There is a good chance that the mobile phone you own is not manufactured by Motorola. But it was not always this way: Motorola was once the brand most associated with the mobile phone, and the firm whose products first popularised them. The Chinese company has now made the announcement that the brand will no longer exist a year after Lenovo purchased it.
What was the problem with Motorola then? The invention of the mobile phone can be dated back to 1947 and a group of engineers led by Douglas Ring who were employed by Bell Labs in the United States. All the basic principles and features we now associate with a mobile phone and cellular network were established by this team, but the technology of the day was simply incapable of realising their visionary concepts. It wasn’t until April 1973 that a team of Motorola engineers led by Martin Cooper created the world’s first functioning cellular mobile phone. And even then there wasn’t a network for it to use: the first experimental cellular network was built in Chicago four years later, and didn’t reach the UK until 1985. Motorola was unquestionably the more innovative of the two major manufacturers and designers of mobile phones at the time—the other was Nokia. This company introduced us to the renowned DynaTAC 8000 in 1984, the MicroTAC, the world’s first flip phone, in 1989, and the StarTAC, the world’s first clamshell phone, which was also the smallest and lightest mobile phone of its time, in 1996. In 1991 Motorola released the world’s first GSM cellular handset (Motorola 3200). In 1993 it manufactured the world’s first mobile phone using the GSM 1800MHz band (Motorola m300), followed by the first tri-band mobile phone in 1999 (Motorola L7089). Together BT Cellnet and Motorola launched the world’s first GPRS mobile data service in 2000, using the Motorola Timeport T-260.

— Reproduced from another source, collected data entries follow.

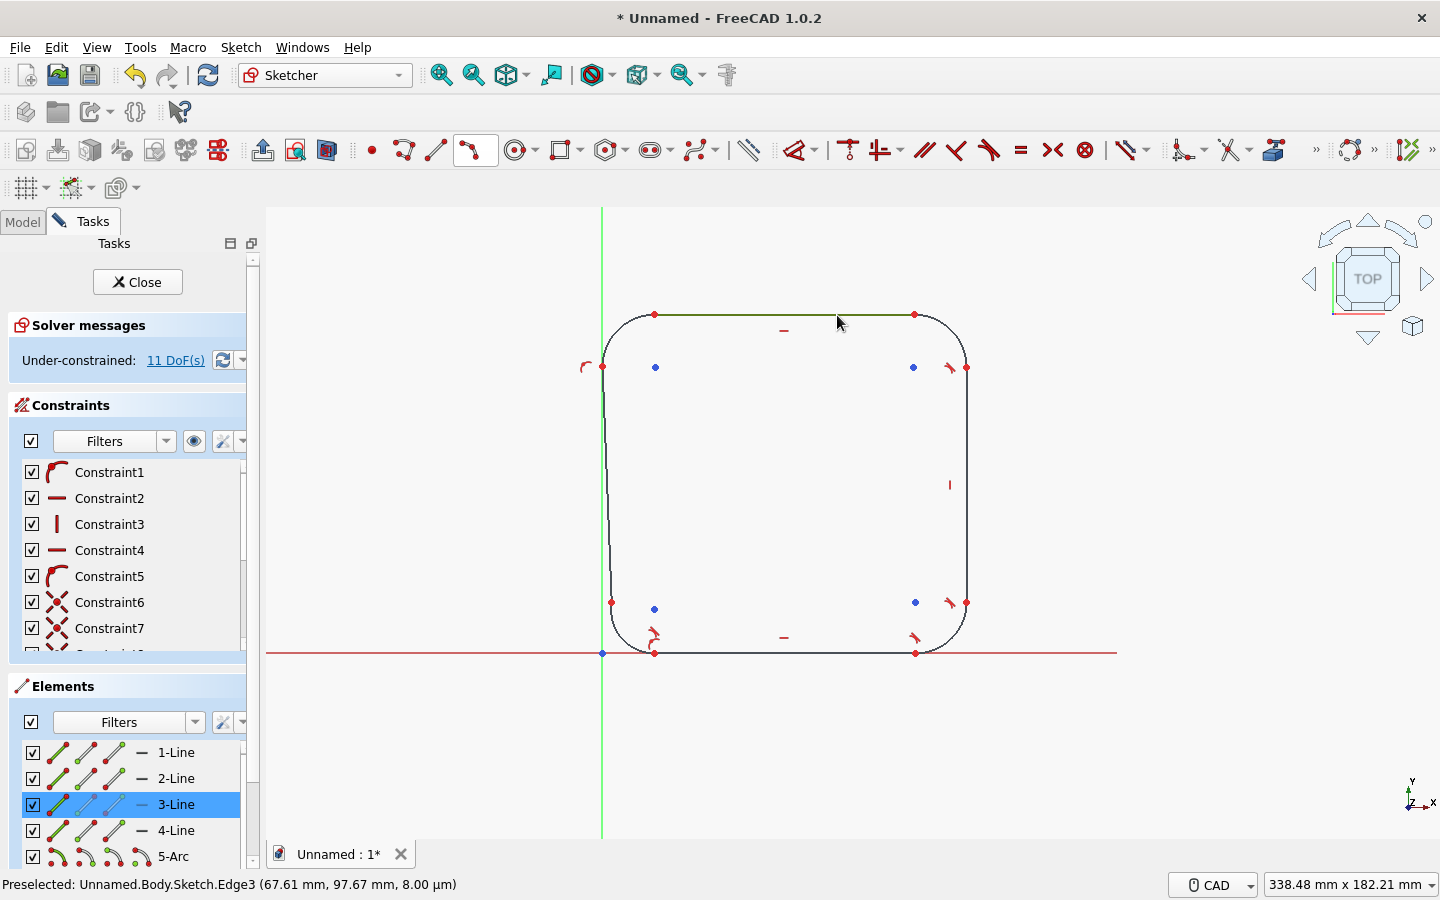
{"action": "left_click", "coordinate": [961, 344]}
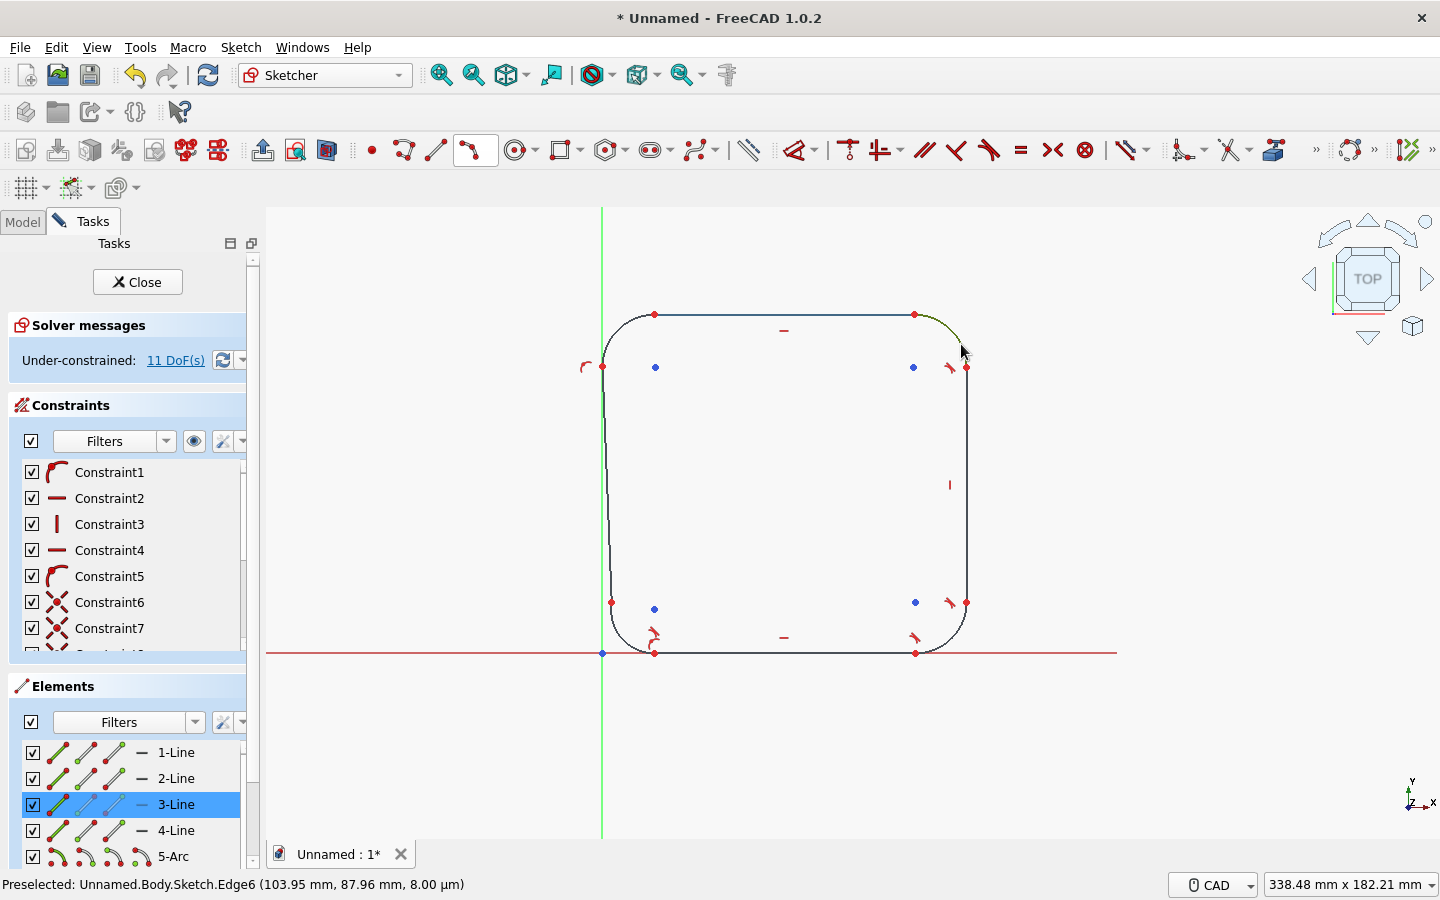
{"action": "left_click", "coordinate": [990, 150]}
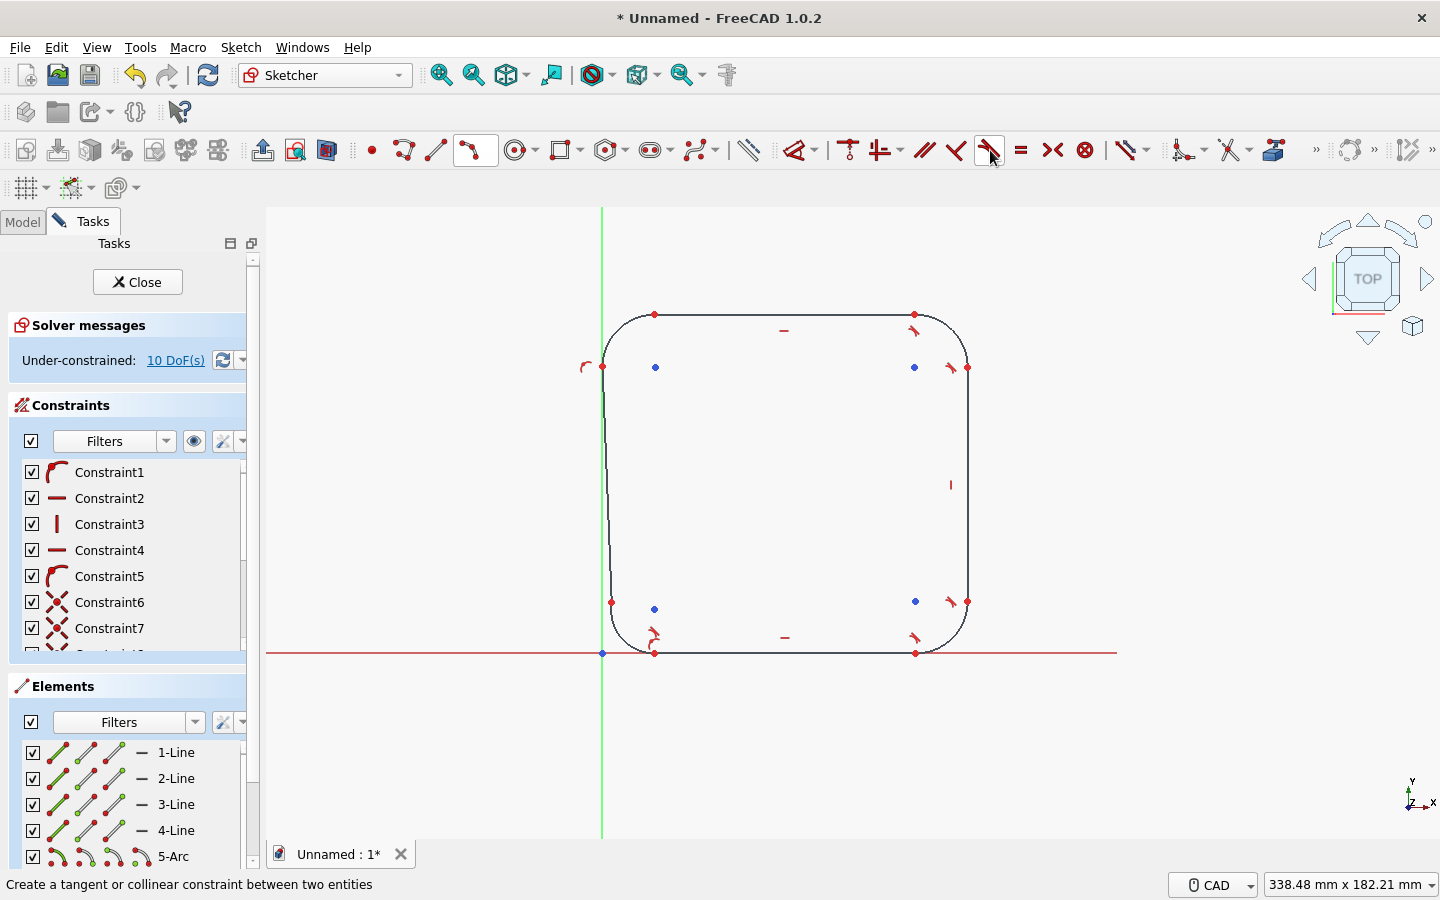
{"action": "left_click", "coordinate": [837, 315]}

Motorola StarTAC, the smallest flip phone of its day. CC BY-SA, Nkp911m500 In point of fact, Motorola set world records from the beginning. The company that would become Motorola began life in 1928 as Galvin Manufacturing Corporation, of Chicago. It quickly established itself as a specialist in radio technology, developing the first in-car radios – hence MOTOR (representing the car) and VictrOLA (representing sound, from the Victrola Talking Machine Company).
The firm went on to create the first walkie-talkies for military use, the in-car radio-telephone, the world’s first pager, and we even heard Neil Armstrong’s immortal words when he stepped foot onto the lunar surface in 1969 thanks to Motorola radio technology. And this is in addition to the firm’s pioneering work on semiconductors, microprocessors (the Motorola M68000 family powered popular computers such as the Atari ST, Amiga and early Apple Macintoshes) televisions, and barcode scanners.
Motorola was the largest mobile phone manufacturer in the world before Nokia knocked them off their top spot in 1998. The Razr, the world’s best-selling clamshell phone and one of the thinnest ever produced, was released in 2004 and gave the company a brief resurgence in fortunes. But between 2006 and 2009, Motorola’s mobile market share plummeted from 21% to 6%.
How did everything go wrong? Motorola had a problem because it was a hardware technology company; however, beginning in the middle of the 2000s, software was driving the mobile phone industry. Motorola was weak in this area because their smartphones switched between Linux and Windows-based operating systems, and their interface was perceived as clunky in comparison to that of its rivals. Products such as the Motorola Q, a Blackberry-like smartphone with a QWERTY keyboard, fared poorly compared to the competition, while the arrival of the Apple iPhone in 2007 changed the game for everyone, as the mobile phone morphed into a pocket computer.